To 50 ml centrifuge tubes, field-moist soil was added to give the equivalent of 2 g d.wt. (ascertained by drying a subsample of the field-moist soil in advance) and then double-distilled deionized water added to give a 2 cm layer of standing water on top of the soil. The closed tubes were wrapped in aluminium foil and placed in an incubator for 14 days with a 28 °C daytime (16H) and 25 °C night-time (8 h) cycle. On harvesting tubes were first manually shaken and then centrifuged (Sorval Legend RT at 4600 rpm) for 20 min. On termination of centrifugation a subsample of the water layer was decanted into a separate 15 ml centrifuge tube and then immediately frozen at -20 °C until further analysis. On another porewater subsample, -log [hydrogen ion] (pH) and oxidation reduction potential (Eh) of porewaters were measured using a calibrated pH meter, pHenomenal PH 1000 H (VWR International, UK) directly following centrifugation. And for a further subsample for subsequent Total Organic Carbon (TOC) determination, 5 ml per sample was transferred to weighed sterile 15 ml falcon tubes and 50 µl 69% Analar grade HNO3 (Merck, Sigma-Aldrich, USA) was added before analysis using a LOTIX (USA) TOC analyser.

Porewater ICP-MS Analysis

To determine As speciation of porewaters, 0.5 ml of each pore water sample was diluted ten-fold by adding 4.5 ml of 1% HNO3 (v/v), made from 69% HNO3. Then, to 700 µl of the diluted porewater 7 µl of Prolabo Analar Normapur hydrogen peroxide, 30% (Prolabo, UK), was pipetted and mixed thoroughly. Samples were then run with standards prepared from a 100 µg/L DMA stock solution. A Thermo Dionex IC5000 Ion Chromatograph system, fitted with a Dionex IonPac AS7 RFIC analytical column (2 × 250 mm) and a Dionex AG7 guard column, was used to separate As species iAs, DMA, monomethylarsonic acid (MMA), trimethylarsenic oxide (TMAO) and tetramethyarsonium (TETRA). Authentic standards were run for all species. The mobile phase A contained 20 mM ammonium carbonate in deionised water and the mobile phase B contained 200 mM ammonium carbonate in deionised water.
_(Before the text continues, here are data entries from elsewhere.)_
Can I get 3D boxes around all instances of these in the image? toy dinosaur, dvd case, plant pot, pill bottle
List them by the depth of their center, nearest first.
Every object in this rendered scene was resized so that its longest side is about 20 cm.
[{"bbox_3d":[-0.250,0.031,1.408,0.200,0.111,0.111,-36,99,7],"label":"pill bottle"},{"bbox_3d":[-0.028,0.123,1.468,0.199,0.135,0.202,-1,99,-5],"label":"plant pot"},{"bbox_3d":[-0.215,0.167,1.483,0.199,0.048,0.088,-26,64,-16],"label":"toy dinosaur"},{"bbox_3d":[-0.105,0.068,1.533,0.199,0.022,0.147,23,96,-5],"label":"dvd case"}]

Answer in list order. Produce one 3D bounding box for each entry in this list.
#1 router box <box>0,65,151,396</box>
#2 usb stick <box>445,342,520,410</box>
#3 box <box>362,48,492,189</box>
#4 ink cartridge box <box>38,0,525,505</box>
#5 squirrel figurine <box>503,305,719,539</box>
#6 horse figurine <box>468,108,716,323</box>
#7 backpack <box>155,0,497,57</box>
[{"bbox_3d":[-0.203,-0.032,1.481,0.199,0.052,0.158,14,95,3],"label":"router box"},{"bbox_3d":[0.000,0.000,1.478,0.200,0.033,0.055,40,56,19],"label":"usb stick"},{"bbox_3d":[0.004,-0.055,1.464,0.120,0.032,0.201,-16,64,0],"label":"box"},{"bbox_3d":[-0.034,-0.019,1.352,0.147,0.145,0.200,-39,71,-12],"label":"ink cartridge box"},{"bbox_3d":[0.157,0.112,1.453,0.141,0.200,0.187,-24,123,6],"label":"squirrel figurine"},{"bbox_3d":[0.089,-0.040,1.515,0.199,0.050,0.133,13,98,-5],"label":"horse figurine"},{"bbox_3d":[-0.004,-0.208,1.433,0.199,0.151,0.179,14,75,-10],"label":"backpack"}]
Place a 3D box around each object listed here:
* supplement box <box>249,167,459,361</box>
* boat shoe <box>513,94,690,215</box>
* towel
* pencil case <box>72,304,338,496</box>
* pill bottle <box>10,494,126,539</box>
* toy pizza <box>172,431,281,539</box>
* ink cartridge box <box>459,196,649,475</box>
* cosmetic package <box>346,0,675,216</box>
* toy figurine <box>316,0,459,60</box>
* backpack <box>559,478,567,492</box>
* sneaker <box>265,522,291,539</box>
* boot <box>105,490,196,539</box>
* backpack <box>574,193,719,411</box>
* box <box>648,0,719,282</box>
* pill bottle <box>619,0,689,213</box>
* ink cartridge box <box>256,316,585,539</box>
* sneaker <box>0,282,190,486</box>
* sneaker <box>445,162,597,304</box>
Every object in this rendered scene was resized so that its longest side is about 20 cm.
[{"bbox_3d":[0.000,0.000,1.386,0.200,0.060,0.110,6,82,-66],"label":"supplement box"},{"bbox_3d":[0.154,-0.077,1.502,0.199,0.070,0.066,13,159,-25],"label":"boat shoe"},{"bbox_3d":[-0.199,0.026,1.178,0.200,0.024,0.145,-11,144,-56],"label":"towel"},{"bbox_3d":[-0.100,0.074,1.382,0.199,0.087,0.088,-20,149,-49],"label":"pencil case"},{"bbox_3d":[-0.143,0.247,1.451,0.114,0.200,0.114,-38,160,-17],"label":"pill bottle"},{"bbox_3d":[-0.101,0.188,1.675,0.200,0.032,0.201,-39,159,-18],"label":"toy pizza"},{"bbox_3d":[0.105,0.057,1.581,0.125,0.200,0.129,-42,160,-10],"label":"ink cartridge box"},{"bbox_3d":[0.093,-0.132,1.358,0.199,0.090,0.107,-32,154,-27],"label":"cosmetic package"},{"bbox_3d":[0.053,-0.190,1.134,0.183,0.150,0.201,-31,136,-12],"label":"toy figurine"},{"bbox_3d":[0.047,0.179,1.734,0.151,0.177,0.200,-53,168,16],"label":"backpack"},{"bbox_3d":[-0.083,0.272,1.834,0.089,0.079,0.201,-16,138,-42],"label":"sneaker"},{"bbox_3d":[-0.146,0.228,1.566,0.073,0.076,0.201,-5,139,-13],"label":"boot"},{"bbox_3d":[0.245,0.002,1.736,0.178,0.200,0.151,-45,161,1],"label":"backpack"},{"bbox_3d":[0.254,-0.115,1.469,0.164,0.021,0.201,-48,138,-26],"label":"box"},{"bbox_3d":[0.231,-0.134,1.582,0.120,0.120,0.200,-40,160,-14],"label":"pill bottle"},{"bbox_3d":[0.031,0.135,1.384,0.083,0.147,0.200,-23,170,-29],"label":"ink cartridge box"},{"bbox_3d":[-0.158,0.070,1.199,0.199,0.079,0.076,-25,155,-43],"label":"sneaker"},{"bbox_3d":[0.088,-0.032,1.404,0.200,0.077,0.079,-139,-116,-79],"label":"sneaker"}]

The flow rate for the run was 0.3 ml/min using the following gradient programme: 100% mobile phase A when time = 0 min, followed by a linear change to 100% mobile phase B when time = 10 min and finally followed by a linear change to 100% mobile phase A when time = 10.5 min, followed by 2 min equilibration, total analysis time 12.5 min. The ICP-MS (Thermo Scientific iCap Q) operating conditions were: Forward RF power- 1550W; Nebuliser gas flow- ~ 1 L/min, nebuliser sample flow rate- ~ 0.35 ml/min. Helium (He) was used as a collision gas at a flow rate of 4.5 ml/min, and the sole element measured was As at a mass of 75. Total elemental analysis of porewater was conducted on the same sample preparation used for As speciation, but with 5 µl of rhodium (Rh) internal standard (Fluka Analytical, Sigma-Aldrich, USA) added. ICP-MS (Thermo Scientific iCap Q) was calibrated with ‘Multi-Element 2’ (SPEX CLMS-2 Multi-Element Solution 2, matrix: 5% HNO3) and ‘Multi-Element 4’ (SPEX CLMS-4 Multi-Element Solution 4, matrix: water/Tr-HF) standards.

Plant and Soil Analysis

For As speciation of grain and straw, 10 ml of 1% Arsitar HNO3 was added to ~ 100 mg of material, accurately weighed and microwave digested using a CEM Mars 6 1800W (USA). After microwaving the digestate was centrifuged at 3500 rpm for 15 min, and then diluted to 10 ml with 1% HNO3. As speciation was then conducted on the diluted digestate using the same procedures as for porewaters. Three replicates of 100 mg certified reference material (CRM), rice flour NIST SRM 1568b, certified for As speciation, were run with each batch, and a reagent blank, with 40 samples in total per batch.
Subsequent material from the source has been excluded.